[Saved entries]
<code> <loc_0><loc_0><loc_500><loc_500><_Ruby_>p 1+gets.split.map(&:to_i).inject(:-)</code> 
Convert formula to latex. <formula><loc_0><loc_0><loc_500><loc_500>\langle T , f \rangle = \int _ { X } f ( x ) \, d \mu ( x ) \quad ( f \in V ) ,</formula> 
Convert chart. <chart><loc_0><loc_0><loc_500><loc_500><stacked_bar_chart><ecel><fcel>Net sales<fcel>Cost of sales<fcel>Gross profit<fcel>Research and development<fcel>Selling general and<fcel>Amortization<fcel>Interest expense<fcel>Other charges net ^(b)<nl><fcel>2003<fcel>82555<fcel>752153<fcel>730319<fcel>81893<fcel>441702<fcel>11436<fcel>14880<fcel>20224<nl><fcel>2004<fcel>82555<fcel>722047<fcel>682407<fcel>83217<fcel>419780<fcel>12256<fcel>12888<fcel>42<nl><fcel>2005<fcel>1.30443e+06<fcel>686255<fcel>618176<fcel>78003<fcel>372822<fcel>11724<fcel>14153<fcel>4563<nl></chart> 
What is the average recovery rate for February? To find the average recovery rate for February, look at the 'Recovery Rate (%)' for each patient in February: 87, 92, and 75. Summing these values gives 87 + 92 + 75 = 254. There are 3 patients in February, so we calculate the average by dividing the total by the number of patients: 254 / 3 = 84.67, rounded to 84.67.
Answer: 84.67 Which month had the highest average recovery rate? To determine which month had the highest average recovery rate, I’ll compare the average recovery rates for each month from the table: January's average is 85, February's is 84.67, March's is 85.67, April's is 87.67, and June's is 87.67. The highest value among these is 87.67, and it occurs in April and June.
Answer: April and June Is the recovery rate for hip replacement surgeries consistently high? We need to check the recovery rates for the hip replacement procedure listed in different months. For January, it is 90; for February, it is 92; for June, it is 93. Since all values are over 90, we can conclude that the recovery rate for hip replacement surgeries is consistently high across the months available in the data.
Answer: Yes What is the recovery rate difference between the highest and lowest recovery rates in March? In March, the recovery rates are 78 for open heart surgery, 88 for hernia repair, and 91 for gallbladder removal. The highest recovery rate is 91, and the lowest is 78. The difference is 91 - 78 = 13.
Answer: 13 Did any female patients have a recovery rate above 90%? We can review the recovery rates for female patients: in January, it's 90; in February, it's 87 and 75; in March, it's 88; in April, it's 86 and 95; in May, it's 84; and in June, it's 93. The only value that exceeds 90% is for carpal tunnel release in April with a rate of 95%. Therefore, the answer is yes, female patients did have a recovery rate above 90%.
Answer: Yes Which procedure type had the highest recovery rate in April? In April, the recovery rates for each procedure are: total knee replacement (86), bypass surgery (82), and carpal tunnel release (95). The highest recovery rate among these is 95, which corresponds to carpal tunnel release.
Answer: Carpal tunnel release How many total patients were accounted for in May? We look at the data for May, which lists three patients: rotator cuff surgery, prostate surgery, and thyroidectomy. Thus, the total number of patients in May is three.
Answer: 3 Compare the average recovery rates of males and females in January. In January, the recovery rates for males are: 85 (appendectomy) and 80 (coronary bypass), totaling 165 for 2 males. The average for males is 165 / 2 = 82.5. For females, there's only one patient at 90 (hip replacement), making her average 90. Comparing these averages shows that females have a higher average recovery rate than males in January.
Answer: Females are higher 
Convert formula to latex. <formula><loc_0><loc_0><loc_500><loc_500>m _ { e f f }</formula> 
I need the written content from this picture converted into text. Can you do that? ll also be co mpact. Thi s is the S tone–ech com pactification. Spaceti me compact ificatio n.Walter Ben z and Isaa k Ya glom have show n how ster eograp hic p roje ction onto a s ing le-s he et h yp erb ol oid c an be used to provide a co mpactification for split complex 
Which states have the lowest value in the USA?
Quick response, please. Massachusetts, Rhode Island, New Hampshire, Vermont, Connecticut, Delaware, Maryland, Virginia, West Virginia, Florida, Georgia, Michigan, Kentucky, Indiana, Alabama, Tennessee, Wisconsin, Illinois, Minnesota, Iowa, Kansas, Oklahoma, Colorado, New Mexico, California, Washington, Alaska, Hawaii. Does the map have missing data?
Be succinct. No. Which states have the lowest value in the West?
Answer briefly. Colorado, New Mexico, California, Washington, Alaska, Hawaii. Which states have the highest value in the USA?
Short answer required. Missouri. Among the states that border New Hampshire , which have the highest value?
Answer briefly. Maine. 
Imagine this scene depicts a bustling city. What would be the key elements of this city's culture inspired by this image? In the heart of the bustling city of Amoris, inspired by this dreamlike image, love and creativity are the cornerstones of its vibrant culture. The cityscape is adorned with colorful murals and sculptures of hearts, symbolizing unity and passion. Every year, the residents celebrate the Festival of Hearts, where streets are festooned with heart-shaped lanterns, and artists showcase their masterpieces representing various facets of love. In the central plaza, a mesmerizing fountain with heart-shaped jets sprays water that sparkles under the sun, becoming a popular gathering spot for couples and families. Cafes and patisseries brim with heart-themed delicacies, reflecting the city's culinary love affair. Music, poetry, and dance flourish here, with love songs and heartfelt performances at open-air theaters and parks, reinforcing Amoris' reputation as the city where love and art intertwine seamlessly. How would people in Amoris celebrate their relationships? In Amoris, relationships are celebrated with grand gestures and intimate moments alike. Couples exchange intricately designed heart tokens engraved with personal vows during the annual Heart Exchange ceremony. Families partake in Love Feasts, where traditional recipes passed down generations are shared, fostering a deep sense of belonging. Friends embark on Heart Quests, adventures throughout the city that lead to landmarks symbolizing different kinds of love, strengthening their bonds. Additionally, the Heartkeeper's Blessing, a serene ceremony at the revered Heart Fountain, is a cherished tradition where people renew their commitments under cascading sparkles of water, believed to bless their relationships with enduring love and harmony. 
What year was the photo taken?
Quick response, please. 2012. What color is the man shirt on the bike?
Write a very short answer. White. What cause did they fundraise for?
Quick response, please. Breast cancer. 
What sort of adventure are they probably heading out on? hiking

What you are asked to do:
The lines above that include "formula" should each be listed.

Solution to the problem:
Convert formula to latex. <formula><loc_0><loc_0><loc_500><loc_500>\langle T , f \rangle = \int _ { X } f ( x ) \, d \mu ( x ) \quad ( f \in V ) ,</formula> 
Convert formula to latex. <formula><loc_0><loc_0><loc_500><loc_500>m _ { e f f }</formula> 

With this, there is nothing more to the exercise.